A Quarentena, a ilusão do Normal e a Fenda

Por que, nas crises, nos sentimos tão impelidos a voltar à normalidade de uma vida sacrificada e vazia, na máquina capitalista? Surgiu uma fenda imensa. Nada garante que o não-mundo de antes retornará

Por Claudio Medeiros e Victor Galdino*, em Outras Palavras

Conta-se que nos chegou a primeira grande epidemia por uma barca dinamarquesa de nome Navarre que aporta à Capital do Império no dia 3 de dezembro de 1849. Nada constando sobre o risco oferecido pelos miasmas que transpiram nas madeiras podres do calabouço dos navios, teve a embarcação livre trânsito no porto do Rio de Janeiro. Assim que o consignatário da barca viu a enfermidade que castigava a bordo, tratou de vendê-la e a tripulação dispersou-se. Alguns marinheiros passaram para navios vizinhos, alguns correram para uma public house mantida por um francês de nome Frank, na Rua da Misericórdia. Os que moravam próximo às praias vizinhas dos ancoradouros, assim como aqueles que residiam nas ruas da Misericórdia, S. José, Direita e becos adjacentes, foram vítimas prediletas da peste.

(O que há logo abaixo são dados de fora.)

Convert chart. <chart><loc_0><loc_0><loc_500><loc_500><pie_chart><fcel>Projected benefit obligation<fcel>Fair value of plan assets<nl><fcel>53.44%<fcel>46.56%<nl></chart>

O Hotel de Neptuno, na Rua da Misericórdia, a tal public house de Frank, defronte da de Neptuno, o Hotel da Califórnia, na Rua Fresca, e a casa de New York no Beco do Cotovelo eram alguns desses estabelecimentos, junto à orla, que careciam da boa fama junto à autoridade policial. A clientela de marinheiros de navios de guerra e mercantes, cada qual a se servir de idioma próprio, consumia em semelhantes casas o duplo serviço de inferninho e pernoite. O presidente da Junta de Higiene Pública solicitaria auxílio policial contra a existência de certas casas de hospedaria, por causa de hóspedes que, “entregando-se a repetidas orgias, saem dali afetados da febre amarela, e uma grande parte deles é vítimas de tais excessos e do mal que em semelhantes casas parece estar localizado”.1 A mando do Imperador, o Visconde de Mont’Alegre remete à Câmara providências para evitar a permanência da peste. Assim se institucionalizaria com pioneirismo o sequestro dos afetados – o regime de quarentena.

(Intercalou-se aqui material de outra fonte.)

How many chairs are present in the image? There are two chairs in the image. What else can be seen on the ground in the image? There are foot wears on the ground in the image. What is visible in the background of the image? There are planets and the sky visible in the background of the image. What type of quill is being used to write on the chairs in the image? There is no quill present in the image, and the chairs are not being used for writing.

A quarentena, enquanto tecnologia não profilática, seria a própria materialização jurídica do tratamento dado à doença na época. O que fazia o higienista senão assistir policialescamente ao paciente pedindo-lhe uma contribuição para o tratamento através de sua adesão a uma dieta de reclusão? A dura alternativa de deixar perecer ao desamparo os míseros marinheiros doentes, ou de relaxar a quarentena, permitindo a ida de médicos a bordo, ou de suspendê-la, não era signo de ausência do poder político. A decisão de reunir num mesmo local pessoas afetadas, e em local separado aquelas que com elas tiveram algum tipo de contato não era tomada sem ponderação. A quarentena era uma prática positiva de transferência do ofício da cura para o processo natural de adaptação do indivíduo a um clima que não lhe é habitual, adaptação da economia humana estrangeira ao clima tropical. Era, portanto, uma prática cientificamente prevista. Era normal que um regime de quarentena quisesse dizer que tanto poderiam ser 40 dias como 40 semanas – ou mesmo 40 meses. O imperativo era que não saíssem de lá senão quando aclimatados, ou seja, curados. Ou mortos.

Para prevenir e suspender o progresso da febre amarela, os navios considerados focos de infecção eram colocados em lugar afastado da cidade, conservando entre si a maior distância possível; eram forçados a subir barra afora, a fim de serem descarregados, lavados e fumegados nas ilhas para isso destinadas. Um novo lazareto seria construído na Ilha do Bom Jesus (atualmente integrada à do Fundão). Os doentes a bordo são obrigados a recolherem-se nos lazaretos. E não só os marinheiros, como todos os moradores da região portuária, seriam visitados duas vezes ao dia pelos médicos que fiscalizavam o estado de limpeza e de arejamento, dando um destino aos doentes que fossem encontrados. Além da Santa Casa, do Hospital da Marinha e de uma enfermaria a ser criada na Rua da Misericórdia, seriam estabelecidos mais dois lazaretos: o da Rua do Livramento e outro de “extraordinária mortalidade”, estabelecido na Gamboa pelo Dr. Peixoto, do qual se ouviu dizer “que quantos entravam para aquele lazareto de lá iam para o cemitério”2. Em todos os aposentos das casas dos doentes da epidemia eram feitas fumigações cloruretadas; e aquele em que houver permanecido o doente, será mais que todos lavado, caiado e fumegado.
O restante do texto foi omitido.